- [Task item]
Please copy out every line of the listing below in which the word "paragraaf" appears.

- [Data section]
==================================================
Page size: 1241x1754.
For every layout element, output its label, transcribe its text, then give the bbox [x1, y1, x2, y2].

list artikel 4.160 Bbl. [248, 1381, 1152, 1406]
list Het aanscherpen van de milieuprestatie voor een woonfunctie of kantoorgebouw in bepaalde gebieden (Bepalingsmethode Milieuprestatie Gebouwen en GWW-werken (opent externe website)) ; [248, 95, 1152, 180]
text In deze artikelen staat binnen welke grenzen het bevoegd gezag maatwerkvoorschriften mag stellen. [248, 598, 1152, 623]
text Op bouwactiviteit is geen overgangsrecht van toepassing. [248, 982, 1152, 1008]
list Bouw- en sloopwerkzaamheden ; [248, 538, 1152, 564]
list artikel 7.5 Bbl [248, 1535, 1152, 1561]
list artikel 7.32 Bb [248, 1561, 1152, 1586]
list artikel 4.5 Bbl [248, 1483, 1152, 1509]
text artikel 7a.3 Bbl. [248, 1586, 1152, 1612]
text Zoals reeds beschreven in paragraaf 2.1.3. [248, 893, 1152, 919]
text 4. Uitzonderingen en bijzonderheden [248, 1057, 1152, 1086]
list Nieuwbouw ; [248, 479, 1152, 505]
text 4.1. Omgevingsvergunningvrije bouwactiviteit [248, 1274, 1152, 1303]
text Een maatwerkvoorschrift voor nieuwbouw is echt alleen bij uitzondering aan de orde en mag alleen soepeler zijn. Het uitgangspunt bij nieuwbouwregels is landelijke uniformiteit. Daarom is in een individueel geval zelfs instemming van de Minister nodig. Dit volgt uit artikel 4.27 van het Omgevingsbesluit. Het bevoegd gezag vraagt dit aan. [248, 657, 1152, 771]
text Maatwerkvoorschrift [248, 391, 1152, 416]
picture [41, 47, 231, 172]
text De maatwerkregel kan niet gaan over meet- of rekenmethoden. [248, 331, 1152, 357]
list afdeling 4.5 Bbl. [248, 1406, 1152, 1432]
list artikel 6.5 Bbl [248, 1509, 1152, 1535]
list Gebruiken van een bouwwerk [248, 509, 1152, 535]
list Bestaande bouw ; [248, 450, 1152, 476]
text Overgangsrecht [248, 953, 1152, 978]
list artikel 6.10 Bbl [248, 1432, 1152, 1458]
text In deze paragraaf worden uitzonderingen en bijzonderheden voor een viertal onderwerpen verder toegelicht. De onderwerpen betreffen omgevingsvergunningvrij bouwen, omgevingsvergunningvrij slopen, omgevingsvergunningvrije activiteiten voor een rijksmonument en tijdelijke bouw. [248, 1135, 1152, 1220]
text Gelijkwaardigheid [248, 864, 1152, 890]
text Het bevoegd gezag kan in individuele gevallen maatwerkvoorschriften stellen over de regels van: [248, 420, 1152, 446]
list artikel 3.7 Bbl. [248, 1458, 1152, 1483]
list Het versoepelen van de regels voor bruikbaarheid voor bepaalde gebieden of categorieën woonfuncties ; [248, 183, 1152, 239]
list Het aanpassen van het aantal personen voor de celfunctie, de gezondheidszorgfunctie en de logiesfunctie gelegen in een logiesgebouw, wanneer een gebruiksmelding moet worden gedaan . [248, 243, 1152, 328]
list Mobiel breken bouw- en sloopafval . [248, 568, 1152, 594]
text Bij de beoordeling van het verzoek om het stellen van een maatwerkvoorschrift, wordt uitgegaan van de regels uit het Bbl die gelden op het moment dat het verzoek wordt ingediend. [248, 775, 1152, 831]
==================================================
- [Task output]
text Zoals reeds beschreven in paragraaf 2.1.3. [248, 893, 1152, 919]
text In deze paragraaf worden uitzonderingen en bijzonderheden voor een viertal onderwerpen verder toegelicht. De onderwerpen betreffen omgevingsvergunningvrij bouwen, omgevingsvergunningvrij slopen, omgevingsvergunningvrije activiteiten voor een rijksmonument en tijdelijke bouw. [248, 1135, 1152, 1220]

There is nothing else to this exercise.